In this book, Fortey gives a passionate and often lyrical account of his life with trilobites, a group of extinct marine arthropods related to the living horseshoe crabs and spiders, which lived from 540 to 260 million years ago. Trilobites are indeed fascinating. They look a bit like large woodlice, but show an amazing diversity of morphologies. What's more, their preserved anatomy is complex enough to allow scientists to reconstruct the group's relationships and evolutionary history.

In a vivid, popular style, full of didactic metaphors and anecdotes, Fortey writes about how his passion for trilobites arose when he was 14, how he was trained by his mentor Harry Whittington, how he discovered new trilobites in the rocks of Spitsbergen, China, Thailand and Australia, and his life with colleagues in the small community of trilobite specialists. He also recounts the history of trilobite research, how early palaeontologists gradually revealed the most intimate details of trilobite anatomy: the amazing structure of their eyes, and their long-elusive appendages and gills. Fortey uses trilobites to explain how palaeontologists work, from basic fieldwork and identifying and describing species to far-reaching generalizations about evolution. Seen in this way, the book is an excellent introduction to the basic practice of palaeontology and systematics.

Trilobites have been in at the birth of several theories about the process of evolution.

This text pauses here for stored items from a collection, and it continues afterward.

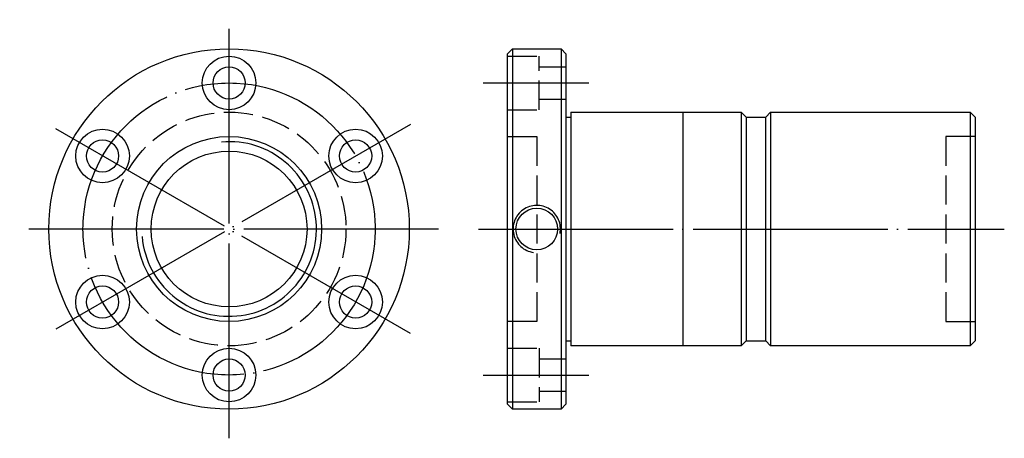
# Model space of a CAD drawing. Header units: millimetres. Extents: x 0 to 202, y 157 to 243.
import ezdxf

# ---------------------------------------------------------------- set-up
doc = ezdxf.new("R2010")
doc.units = ezdxf.units.MM
doc.header["$LTSCALE"] = 2
for name, pattern in [('CENTER', [22, 20, -1, 0, -1]), ('DASHED', [4, 3, -1]), ('THIN', [200000, 200000, 0])]:
    doc.linetypes.add(name, pattern=pattern)
doc.layers.add('NT', color=7, linetype='Continuous')
doc.layers.add('SH', color=7, linetype='Continuous')

msp = doc.modelspace()

# ---------------------------------------------------------------- linework, layer by layer
at = {"layer": 'NT', "color": 3, "linetype": 'CENTER'}
for p, q in [((42.82, 157), (42.82, 243)), ((80.06, 221.5), (5.58, 178.5)), ((80.06, 178.5), (5.58, 221.5)), ((85.82, 200), (-0.18, 200))]:
    msp.add_line(p, q, dxfattribs=at)
at = {"layer": 'NT', "color": 16, "linetype": 'Continuous'}
for p, q in [((100, 236), (101, 237)), ((101, 237), (111, 237)), ((101, 237), (101, 163)), ((111, 237), (112, 236)), ((111, 237), (111, 163)), ((100, 164), (100, 236)), ((112, 236), (112, 164)), ((112, 223), (113, 223)), ((113, 224), (113, 176)), ((113, 224), (148, 224)), ((136, 224), (136, 176)), ((148, 224), (149, 223)), ((148, 224), (148, 176)), ((149, 223), (149, 177)), ((149, 223), (153, 223)), ((153, 223), (154, 224)), ((153, 177), (153, 223)), ((154, 224), (195, 224)), ((154, 224), (154, 176)), ((195, 224), (196, 223)), ((195, 224), (195, 176)), ((196, 223), (196, 177)), ((112, 177), (113, 177)), ((148, 176), (113, 176)), ((149, 177), (148, 176)), ((149, 177), (153, 177)), ((154, 176), (153, 177)), ((195, 176), (154, 176)), ((196, 177), (195, 176)), ((101, 163), (100, 164)), ((112, 164), (111, 163)), ((111, 163), (101, 163))]:
    msp.add_line(p, q, dxfattribs=at)
at = {"layer": 'NT', "color": 1, "linetype": 'DASHED'}
for p, q in [((100, 235.5), (106.5, 235.5)), ((106.5, 224.5), (106.5, 235.5)), ((106.5, 233.3), (112, 233.3)), ((106.5, 226.7), (112, 226.7)), ((100, 224.5), (106.5, 224.5)), ((100, 219), (106, 219)), ((106, 219), (106, 181)), ((196, 219), (190, 219)), ((190, 219), (190, 181)), ((106, 181), (100, 181)), ((190, 181), (196, 181)), ((100, 175.5), (106.5, 175.5)), ((106.5, 175.5), (106.5, 164.5)), ((106.5, 173.3), (112, 173.3)), ((106.5, 166.7), (112, 166.7)), ((100, 164.5), (106.5, 164.5))]:
    msp.add_line(p, q, dxfattribs=at)
at = {"layer": 'NT', "color": 16, "linetype": 'Continuous'}
for centre, radius in [((42.82, 200), 37), ((42.82, 230), 5.5), ((42.82, 230), 3.3), ((16.84, 215), 5.5), ((68.8, 215), 5.5), ((42.82, 200), 19), ((16.84, 215), 3.3), ((68.8, 215), 3.3), ((42.82, 200), 16), ((106, 200), 4.28), ((16.84, 185), 5.5), ((68.8, 185), 5.5), ((16.84, 185), 3.3), ((68.8, 185), 3.3), ((42.82, 170), 5.5), ((42.82, 170), 3.3)]:
    msp.add_circle(centre, radius, dxfattribs=at)
at = {"layer": 'NT', "color": 3, "linetype": 'CENTER'}
msp.add_circle((42.82, 200), 30, dxfattribs=at)
at = {"layer": 'NT', "color": 1, "linetype": 'DASHED'}
msp.add_circle((42.82, 200), 24, dxfattribs=at)
at = {"layer": 'NT', "color": 5, "linetype": 'THIN'}
for centre, radius, start, end in [((42.82, 200), 17.94, 185, 95), ((106, 200), 4.86, 349.0687, 261.9661)]:
    msp.add_arc(centre, radius, start, end, dxfattribs=at)
at = {"layer": 'SH', "color": 3, "linetype": 'CENTER'}
for p, q in [((95, 230), (116.69, 230)), ((94, 200), (202, 200)), ((95, 170), (116.69, 170))]:
    msp.add_line(p, q, dxfattribs=at)

doc.saveas('drawing.dxf')

For example, there is Niles Eldredge and Stephen Jay Gould's 'punctuated equilibria', an evolutionary pattern where a species shows a long period of stability (equilibrium) and is then suddenly replaced by its closest related species (punctuation). Or there is McNamara's 'heterochronism', an evolutionary process involving shifts in the timing of the development of certain organs, and hence shifts in the morphology of the entire organism. Trilobites are also there at the Cambrian explosion -- the period 540 million years ago where most major animal groups appear suddenly in the fossil record. Fortey uses trilobite examples to explain and discuss these palaeontological classics.

Here and there Fortey depicts the world of trilobite specialists, past and present, and recounts his field adventures in a 'Tintin-and-the-lost-trilobite' style. Those who know the field or palaeontologists may, however, dislike the way he uses examples of how rude and sectarian some in this -- otherwise humble and idyllic -- community can be in settling scores with certain colleagues and journal editors.

Fortey's youthful enthusiasm is refreshing, but unfortunately this is often what managers of science dislike, as if enthusiasm and obsessive passion were a sin, a childish reaction of amateurs. Those who decide who will be selected for a life in science tend to prefer the cold-blooded ones, who have only scholarly experience filtered by the academic world. Yes, Fortey was very fortunate to be able to have such a straight career in trilobites, despite his passion. But some may say that his enthusiasm hinders him from taking a cold look at what trilobites can really tell us. He sees them swimming in the Ordovician sea, he imagines what they could see through the numerous calcite lenses of their eyes.

This book is pervaded by the idea that time is something very important, and unique, in palaeontological data. The author seems to be able to read evolution through the rock layers. He apparently expects something new and odd from his trilobites just because they are old, but at the same time he points out repeatedly how perfect they are in many respects, and their striking analogies to modern arthropods. To him, "palaeontology is a daughter of Old Time, or it is nothing", and time "tests the durability of scientific revelation".

Others see fossils as mere bearers of new characters or associations of characters, whose position in the tree of life sometimes reveals the pattern of relationships of other, distantly related living organisms. In this view, time is no longer a property of fossils, which are simply new organisms added to the diversity of life and ranked according to the logic of character distribution.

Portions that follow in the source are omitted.